Кое-что из своих «открытий» о Горьком Галант все-таки опубликовал в необычном периодическом издании «Клинический архив гениальности и одаренности (эвропатологии)», выходившем в 1920-е годы под редакцией Г. В. Сегалина в Ленинграде. Одна из его статей называлась «К суицидомании Горького».

«Горький до того часто говорит в своих рассказах о самоубийстве и заставляет так часто своих героев покушаться на самоубийство <…>, что можно говорить о „литературной суицидомании“ Горького».

Кто спорит? В творчестве Горького, особенно раннем, очевидный избыток самоубийц. Начнем с самоубийства Сокола, приветствуемого автором, в отличие от «мудрости» Ужа. А разве не убивает себя Данко, пусть и ради людей? Кончает с собой силач и красавец Коновалов. Илья Лунев в романе «Трое» разбивает себе голову о стену. Вешается на пустыре возле ночлежки Актер. Суицидальный список можно продолжать.

«Влекло меня тогда к людям „со странностями“, — писал Горький Илье Груздеву, вспоминая жизнь в Казани. А что может быть „страннее“ человека, решившего добровольно умереть?»

Отношение к самоубийцам зрелого Горького резко отрицательное. Причем отрицательное до безжалостности. На самоубийство Маяковского он отозвался почти презрительно: «Нашел время». Смерть Есенина более тронула его, всколыхнув воспоминания о поэте. Илья Груздев с ужасом, смешанным с восторгом, писал Горькому о том, как погиб Есенин:

«Есенин в гробу был изумителен. Детское, страдальческое лицо, искривленные губы и чуть сведенные брови. И, странно, куда делась его внешность рязанского мальчика с примесью потасканного альфонса. Вместо этого он напомнил мне итальянца времен Возрождения. Какой благородный профиль, какие красивые руки! Это впечатление дня незабываемое на всю жизнь…

и удавил себя».

Интересно, что Горький к подобному способу самоубийства отнесся с недоверием знатока.

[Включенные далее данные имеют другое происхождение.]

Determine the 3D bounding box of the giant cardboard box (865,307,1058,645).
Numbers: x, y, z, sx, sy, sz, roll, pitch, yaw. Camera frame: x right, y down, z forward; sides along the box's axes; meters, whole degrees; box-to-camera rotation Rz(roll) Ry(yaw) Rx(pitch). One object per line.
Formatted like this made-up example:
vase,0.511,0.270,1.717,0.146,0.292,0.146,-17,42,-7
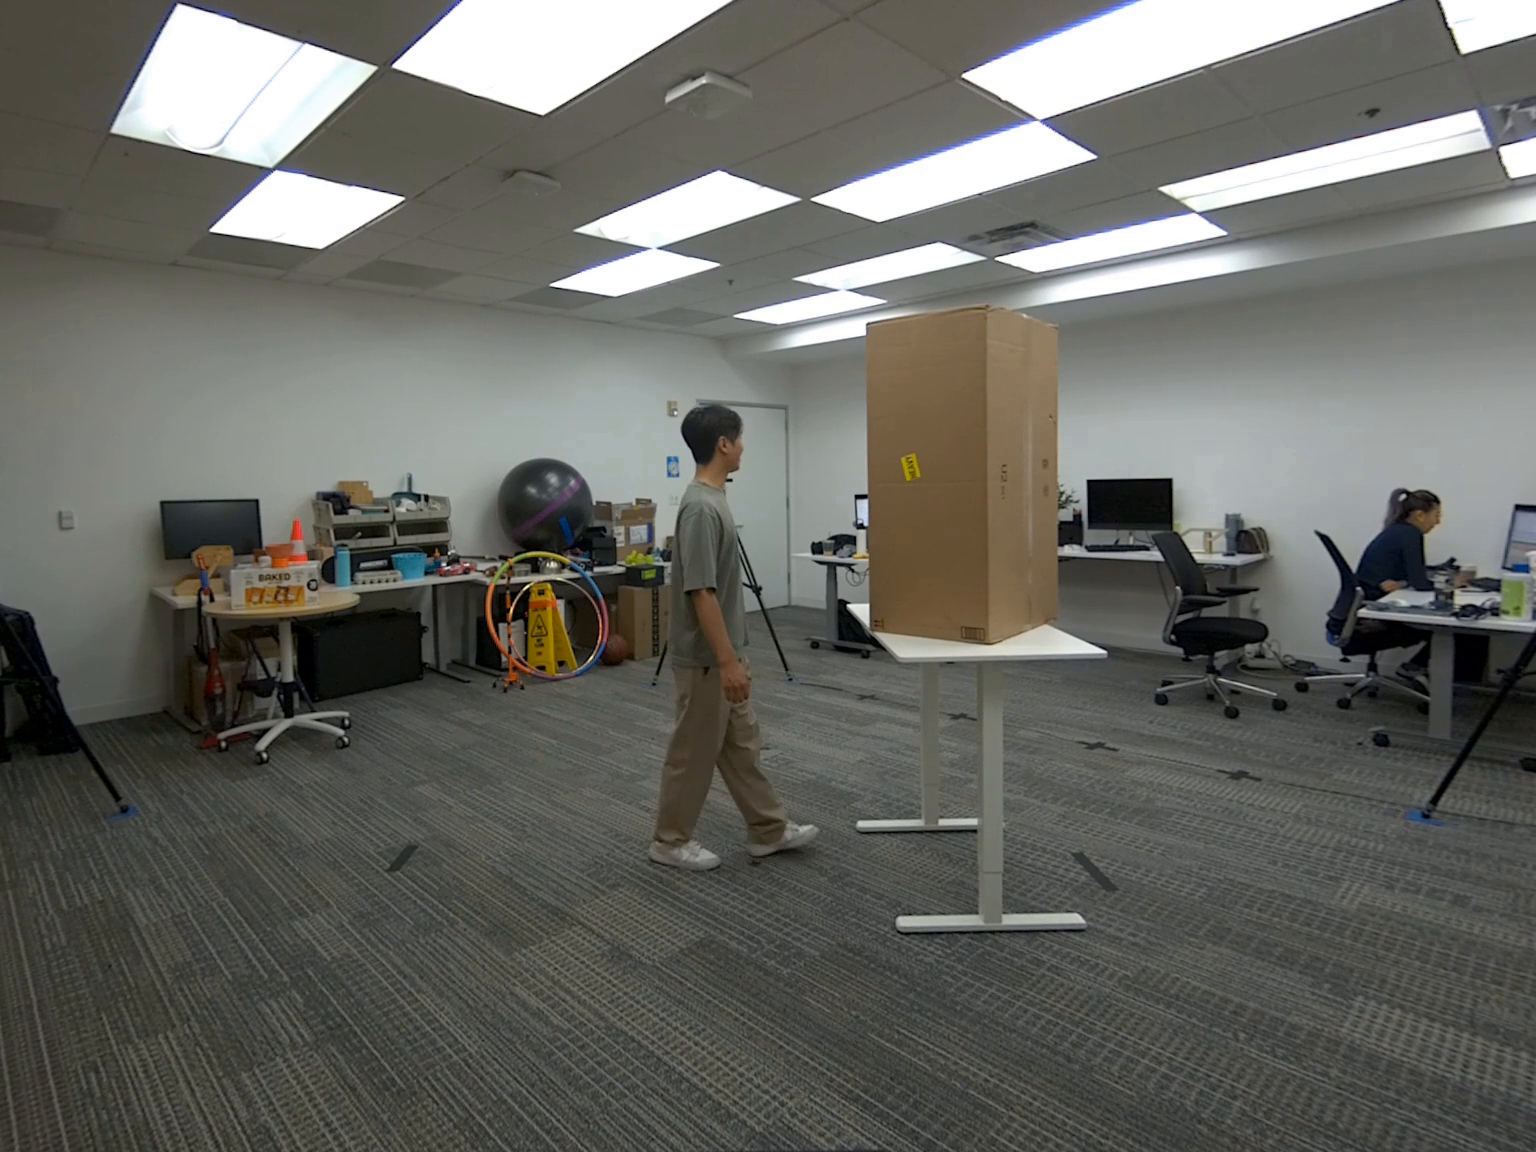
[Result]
giant cardboard box,0.672,-0.339,2.904,0.439,1.022,0.563,2,5,40
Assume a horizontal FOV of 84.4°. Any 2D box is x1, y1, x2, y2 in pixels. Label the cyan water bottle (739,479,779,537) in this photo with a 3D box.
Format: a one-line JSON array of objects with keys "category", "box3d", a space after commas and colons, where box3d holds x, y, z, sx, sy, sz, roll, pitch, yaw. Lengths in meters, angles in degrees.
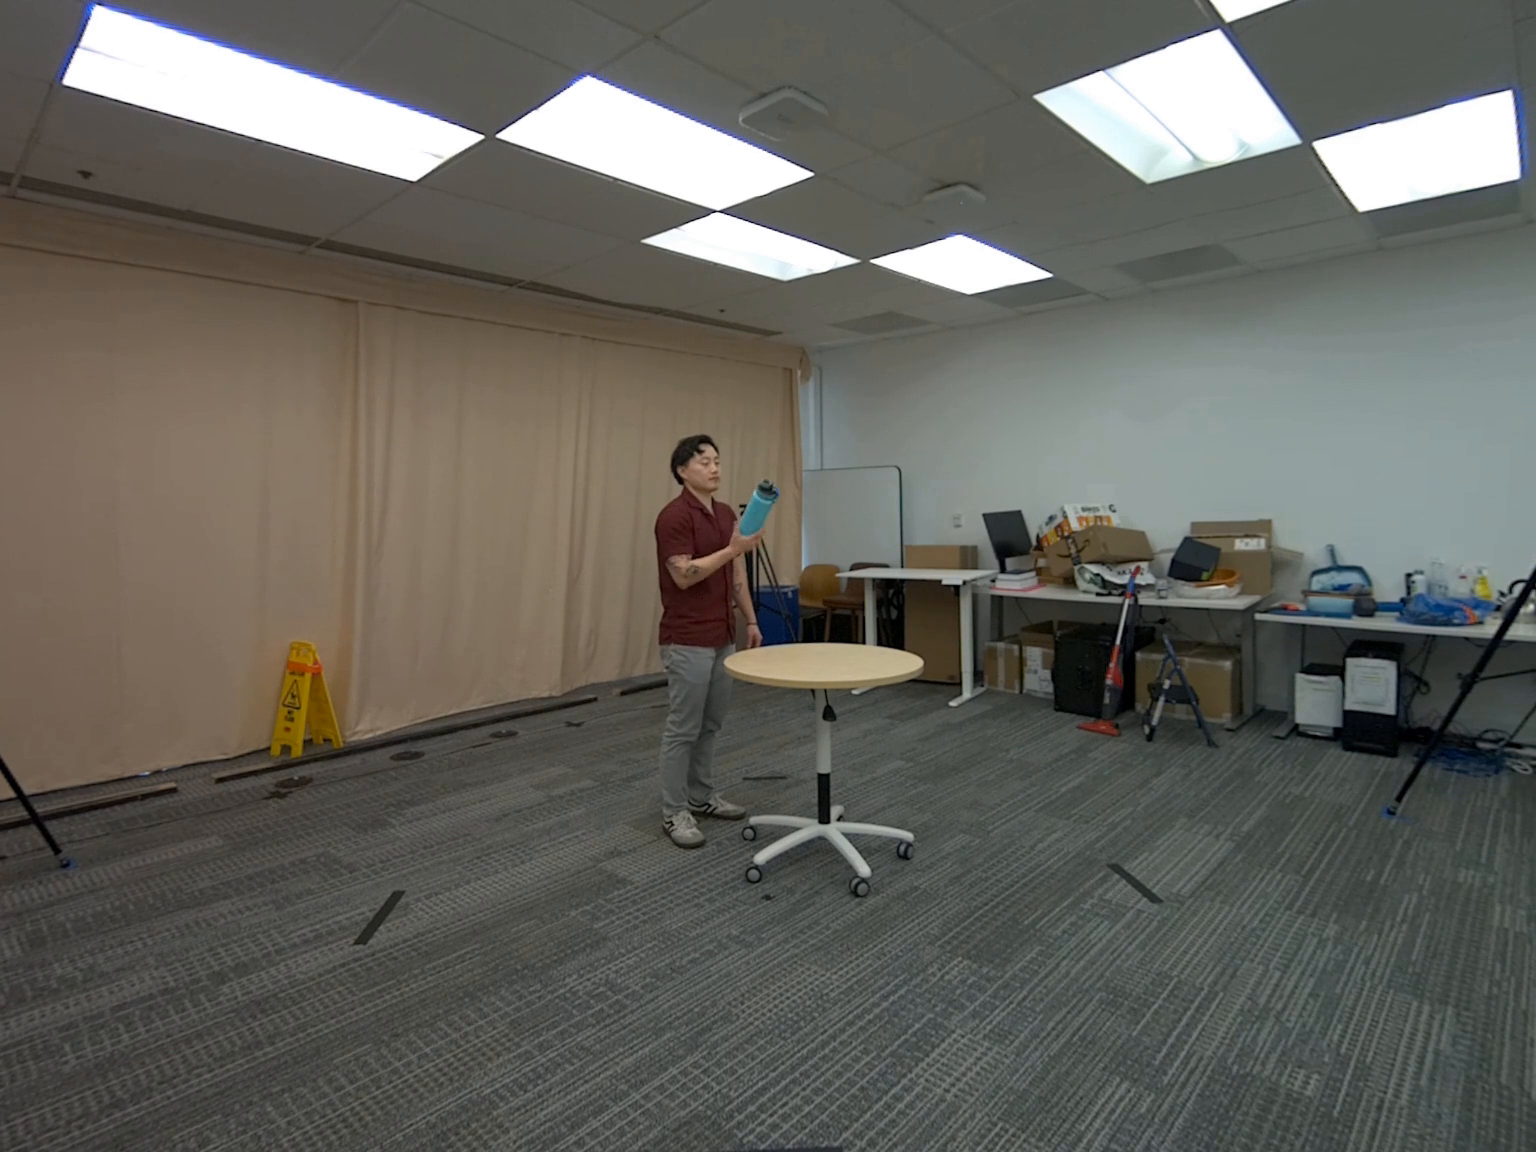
[{"category": "cyan water bottle", "box3d": [-0.032, -0.297, 3.322, 0.091, 0.282, 0.094, 15, 36, -13]}]
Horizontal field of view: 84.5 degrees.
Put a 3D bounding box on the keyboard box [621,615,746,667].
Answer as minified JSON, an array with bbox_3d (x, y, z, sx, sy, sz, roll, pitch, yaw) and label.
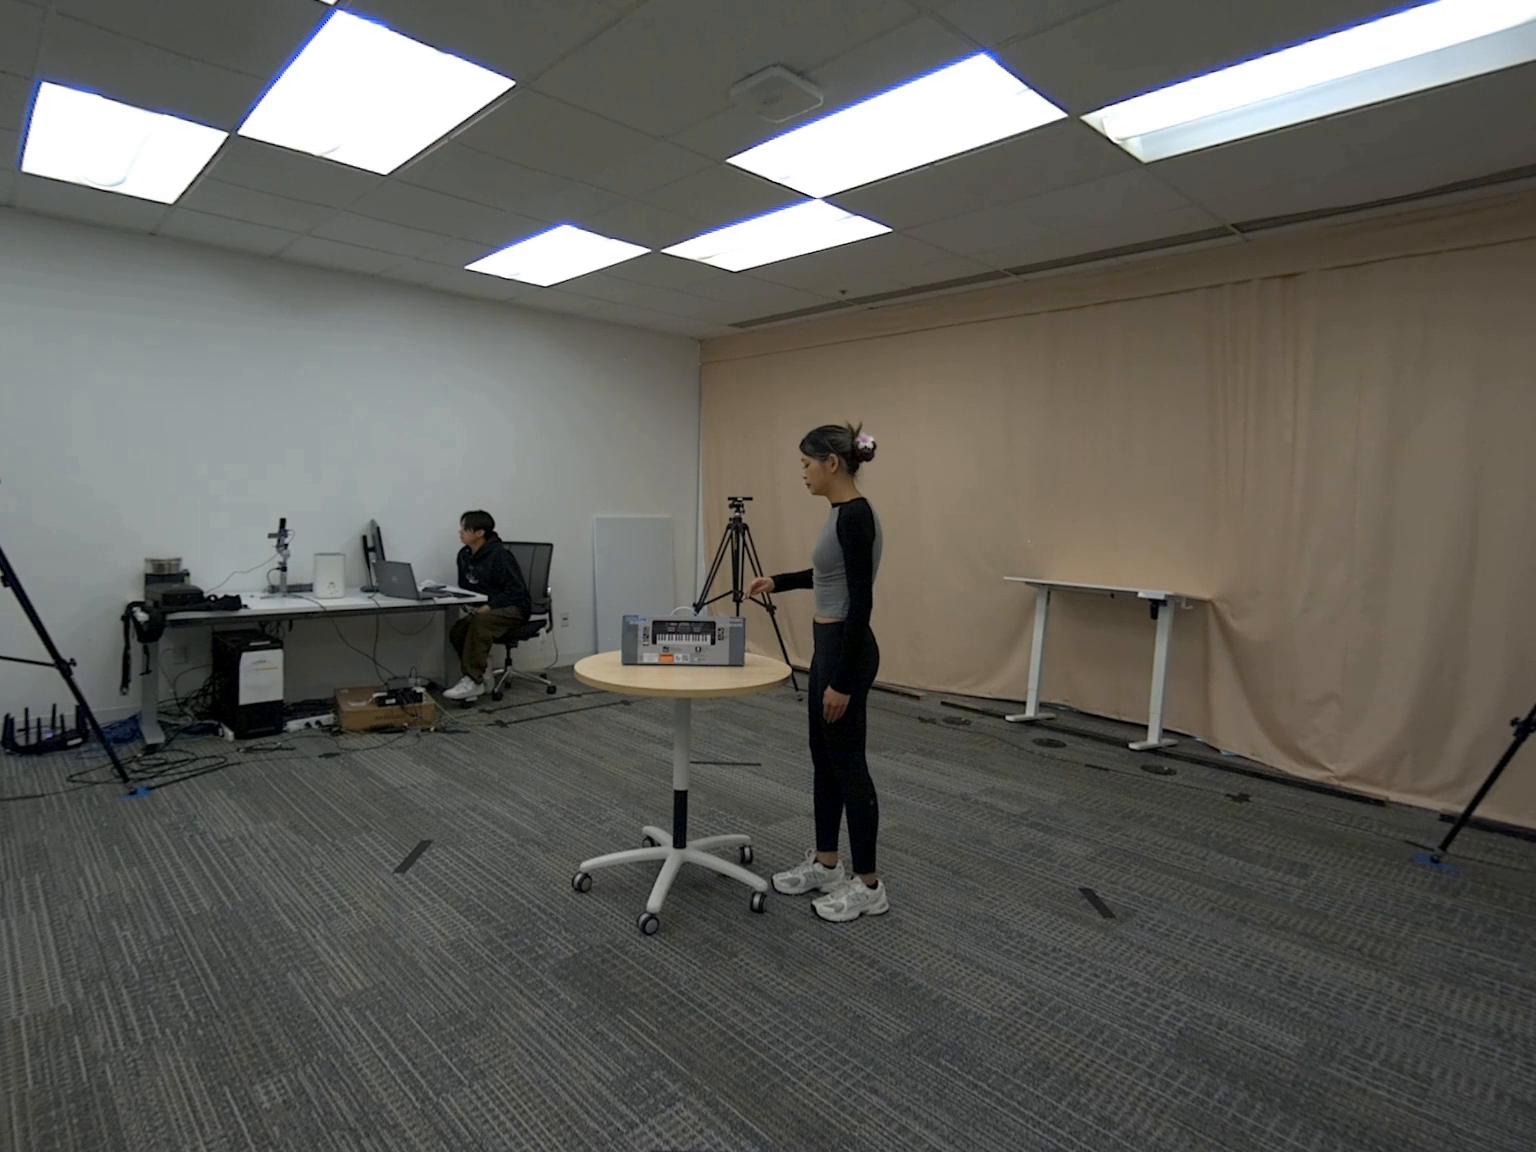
[{"bbox_3d":[-0.305,0.232,3.014,0.435,0.176,0.059,1,-1,-3],"label":"keyboard box"}]

«То, что Вы сообщили о Есенине, и поразило меня и еще более цветисто окрасило его в моих глазах. Это — редкий случай спокойной ярости, с коей — иногда — воля человека к самоуничтожению борется с инстинктом жизни и преодолевает его.

Едва ли я страдал когда-либо и страдаю ныне „суицидоманией“ — влечением к самоубийству — как это утверждает д-р И. Б. Галант (опять Галант! — П. Б.) у вас, в „Клиническом архиве“, но было время, когда я весьма интересовался вопросом о самоубийстве и собирал описания наиболее характерных случаев такового. В 97-м году, в Лионе, некий портной устроил в подвале у себя гильотину с зеркалом, чтоб видеть, как нож ее отрежет голову ему. Он это видел, как заключили доктора. В 94-м Кромулин, студент Новороссийского университета, снял с койки матрас, поставил под койку три зажженных свечи и решал сложное математическое вычисление, в то время, как огонь жег ему спинные позвонки и жарил мозг в них. Через 27 минут он уже не мог решать вычисление, а затем — умер. Фактов такого порядка немало, но они, на мой взгляд, имеют характер „исследовательский“, как бы пародируют „научное любопытство“. Случая, подобного Есенинскому, — не помню. Нет ничего легче, как убить себя „сразу“, вовсе не трудно уморить себя голодом, но уничтожить себя так, как это, по Вашим словам, сделано Есениным, — потребна туго натянутая и несокрушимая воля».

он в раннем творчестве испытывал человека на прочность по ницшеанскому принципу: «Если жизнь тебе не удалась, может быть, тебе удастся смерть?» Но сам Горький, даже ранний, знал наверняка: ему смерть как раз не удалась. Так, может быть, возможно, спрашивал он себя, все-таки удастся жизнь?